----- Data excerpts -----
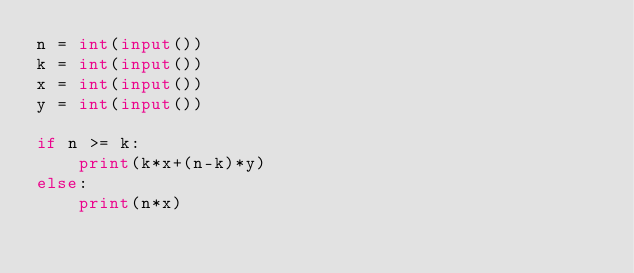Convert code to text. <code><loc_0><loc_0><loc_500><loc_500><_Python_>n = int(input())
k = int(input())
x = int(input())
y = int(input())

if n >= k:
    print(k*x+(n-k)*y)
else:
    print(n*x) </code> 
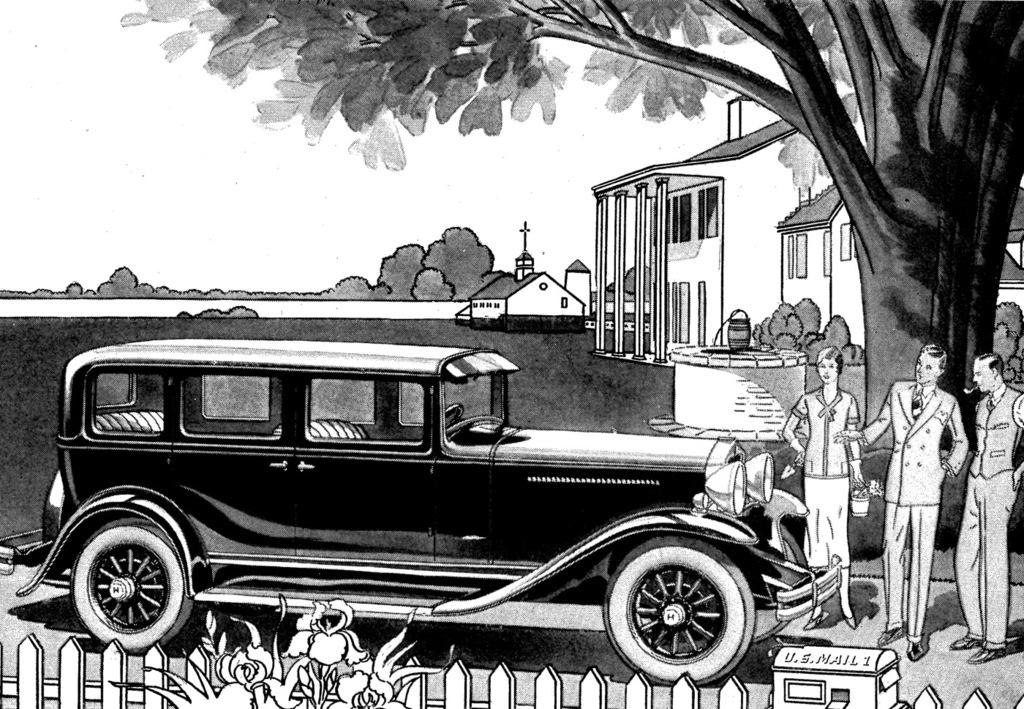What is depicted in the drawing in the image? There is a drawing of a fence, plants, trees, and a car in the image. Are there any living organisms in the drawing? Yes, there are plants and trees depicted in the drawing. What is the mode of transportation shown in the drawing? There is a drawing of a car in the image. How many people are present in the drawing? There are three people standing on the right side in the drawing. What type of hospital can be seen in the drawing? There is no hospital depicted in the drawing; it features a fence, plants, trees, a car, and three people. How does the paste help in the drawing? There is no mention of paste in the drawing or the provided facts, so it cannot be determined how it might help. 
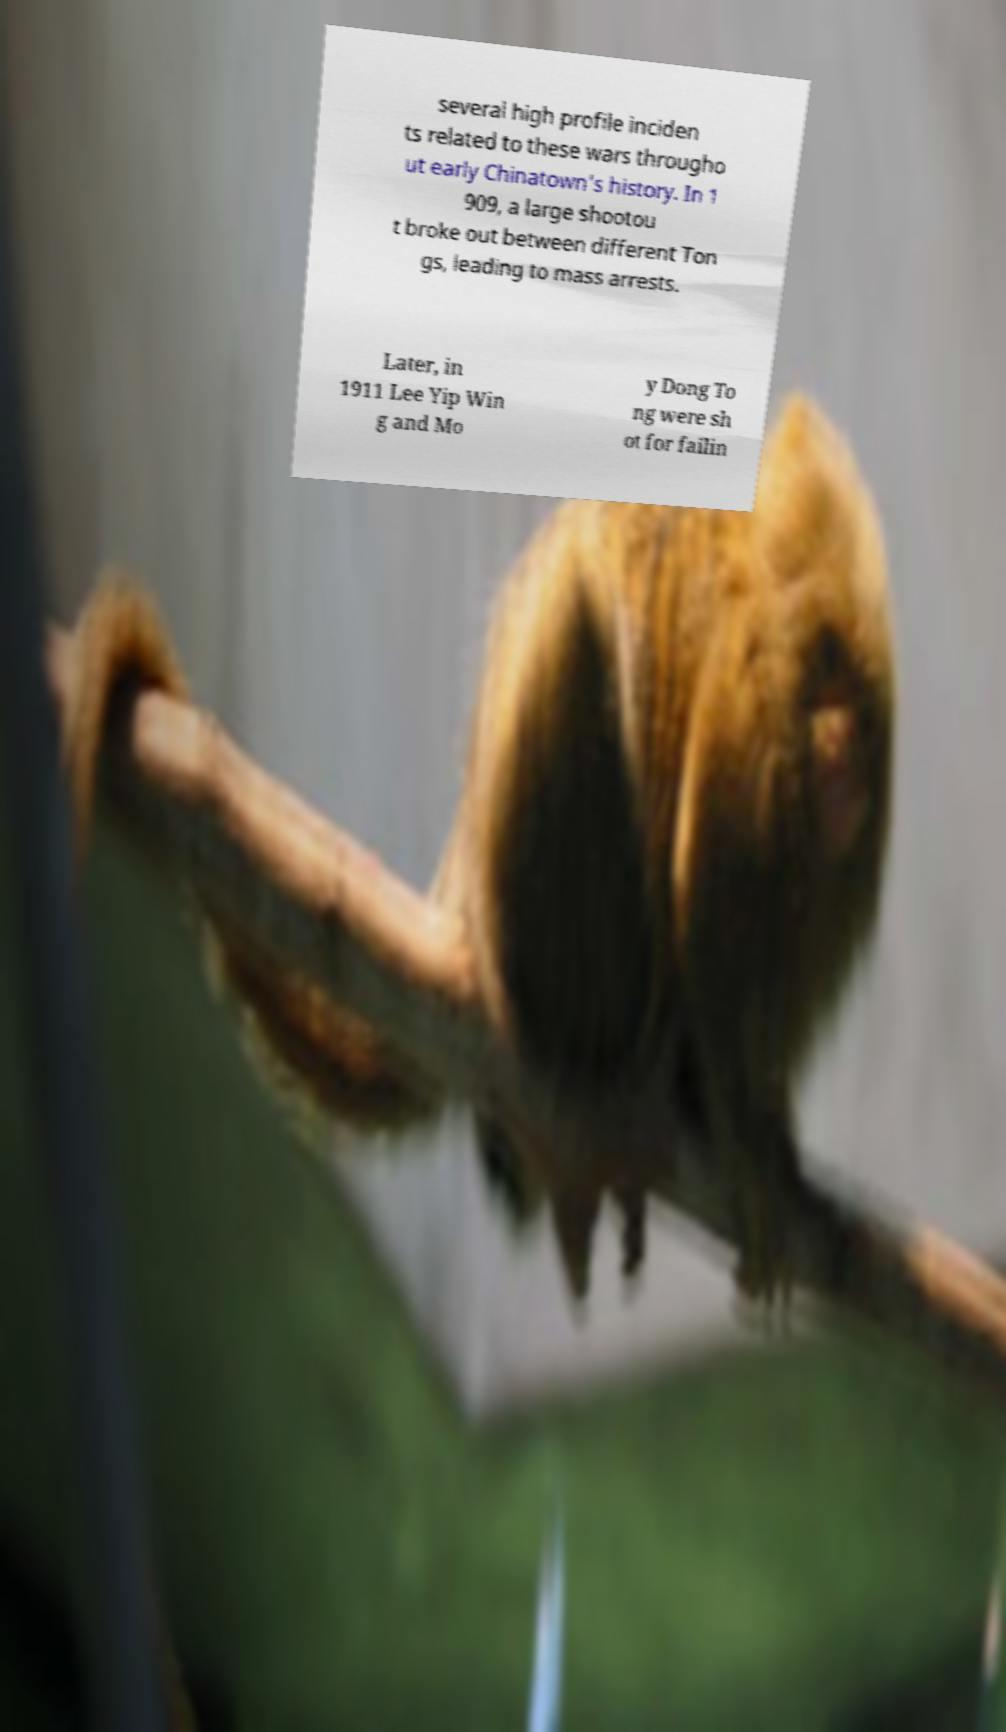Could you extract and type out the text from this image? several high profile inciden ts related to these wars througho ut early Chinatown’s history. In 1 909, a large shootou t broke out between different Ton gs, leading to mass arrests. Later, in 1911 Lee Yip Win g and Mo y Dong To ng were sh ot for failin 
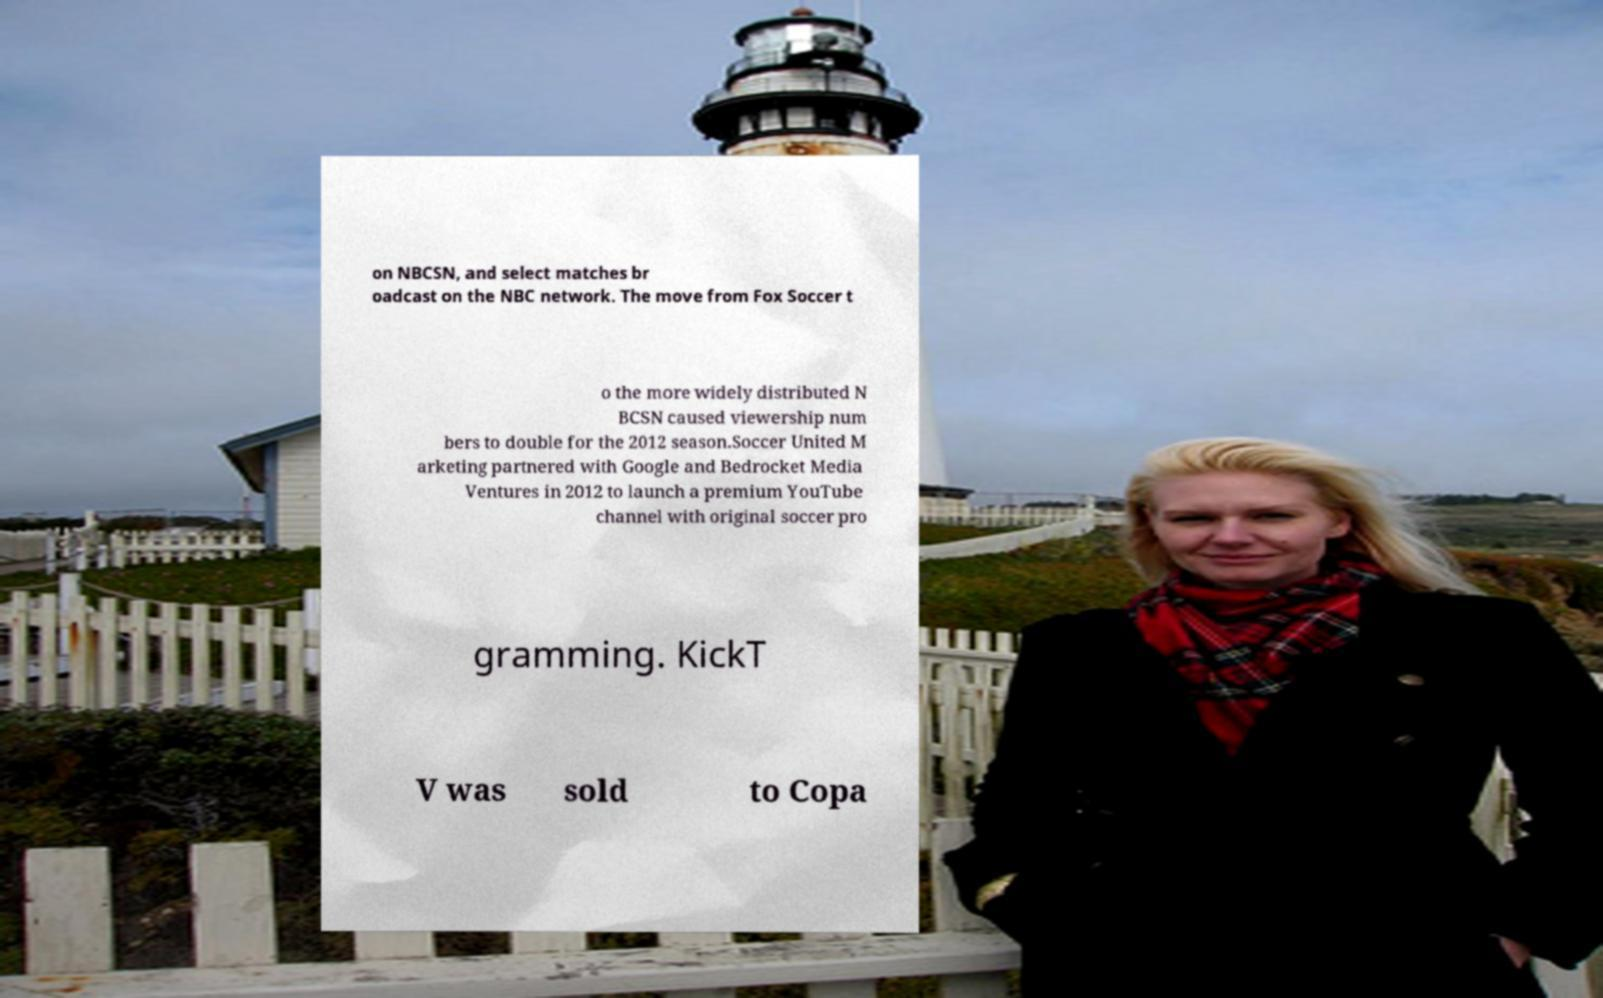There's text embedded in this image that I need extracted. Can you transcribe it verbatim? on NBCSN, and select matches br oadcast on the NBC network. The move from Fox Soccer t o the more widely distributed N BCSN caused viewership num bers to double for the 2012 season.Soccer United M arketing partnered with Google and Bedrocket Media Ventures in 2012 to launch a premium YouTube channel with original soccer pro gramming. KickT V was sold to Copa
-----
Keeping both end lines, retype exactly the lines from the first line of the material through the line that contains "Could you extract", but not the pictures.

Exercise output:
Convert code to text. <code><loc_0><loc_0><loc_500><loc_500><_Python_>n = int(input())
k = int(input())
x = int(input())
y = int(input())

if n >= k:
    print(k*x+(n-k)*y)
else:
    print(n*x) </code> 
What is depicted in the drawing in the image? There is a drawing of a fence, plants, trees, and a car in the image. Are there any living organisms in the drawing? Yes, there are plants and trees depicted in the drawing. What is the mode of transportation shown in the drawing? There is a drawing of a car in the image. How many people are present in the drawing? There are three people standing on the right side in the drawing. What type of hospital can be seen in the drawing? There is no hospital depicted in the drawing; it features a fence, plants, trees, a car, and three people. How does the paste help in the drawing? There is no mention of paste in the drawing or the provided facts, so it cannot be determined how it might help. 
Could you extract and type out the text from this image? several high profile inciden ts related to these wars througho ut early Chinatown’s history. In 1 909, a large shootou t broke out between different Ton gs, leading to mass arrests. Later, in 1911 Lee Yip Win g and Mo y Dong To ng were sh ot for failin 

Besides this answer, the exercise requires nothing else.